INPUT DATA:
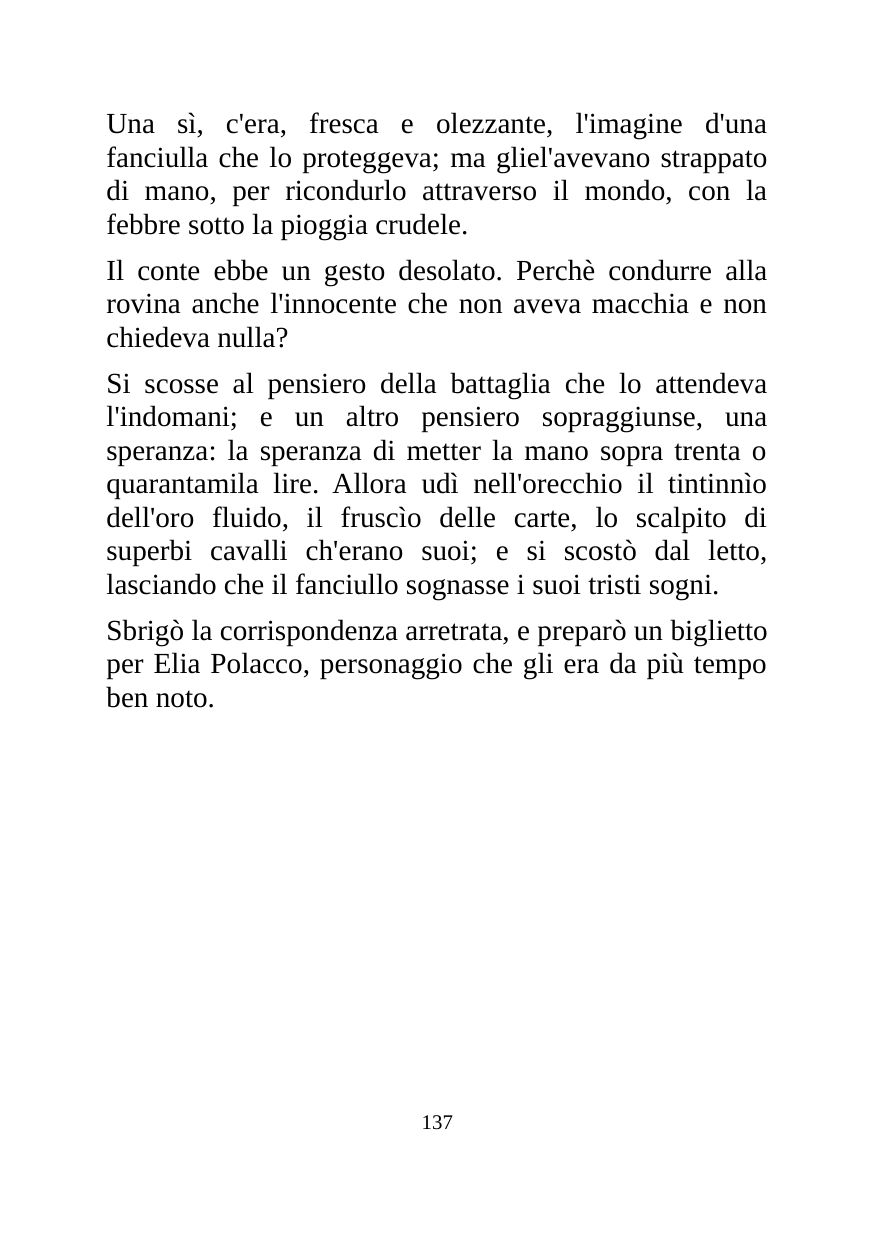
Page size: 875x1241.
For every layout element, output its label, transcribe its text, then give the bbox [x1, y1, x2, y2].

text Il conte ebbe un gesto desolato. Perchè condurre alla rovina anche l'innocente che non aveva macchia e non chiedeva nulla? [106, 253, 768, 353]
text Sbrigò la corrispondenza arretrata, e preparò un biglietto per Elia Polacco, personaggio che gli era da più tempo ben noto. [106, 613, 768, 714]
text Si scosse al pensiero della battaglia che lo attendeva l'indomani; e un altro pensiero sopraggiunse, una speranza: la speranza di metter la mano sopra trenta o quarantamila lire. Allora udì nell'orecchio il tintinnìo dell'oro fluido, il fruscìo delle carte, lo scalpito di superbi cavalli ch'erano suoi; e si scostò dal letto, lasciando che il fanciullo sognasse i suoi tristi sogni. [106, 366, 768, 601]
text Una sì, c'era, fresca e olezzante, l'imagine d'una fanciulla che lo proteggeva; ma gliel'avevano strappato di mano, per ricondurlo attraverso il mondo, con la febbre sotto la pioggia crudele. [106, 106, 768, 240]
* * *
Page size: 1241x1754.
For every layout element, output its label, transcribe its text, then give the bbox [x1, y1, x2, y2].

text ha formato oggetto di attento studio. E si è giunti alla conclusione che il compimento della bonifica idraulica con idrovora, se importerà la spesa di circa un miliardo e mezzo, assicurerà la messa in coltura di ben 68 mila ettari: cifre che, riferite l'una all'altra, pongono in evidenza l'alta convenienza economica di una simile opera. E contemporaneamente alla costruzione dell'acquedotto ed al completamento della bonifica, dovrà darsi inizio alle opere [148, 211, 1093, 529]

ABOUT THIS TASK:
Copy out, from the material above, each line where the word "size" is present.

REPLY TO THE TASK:
Page size: 875x1241.
Page size: 1241x1754.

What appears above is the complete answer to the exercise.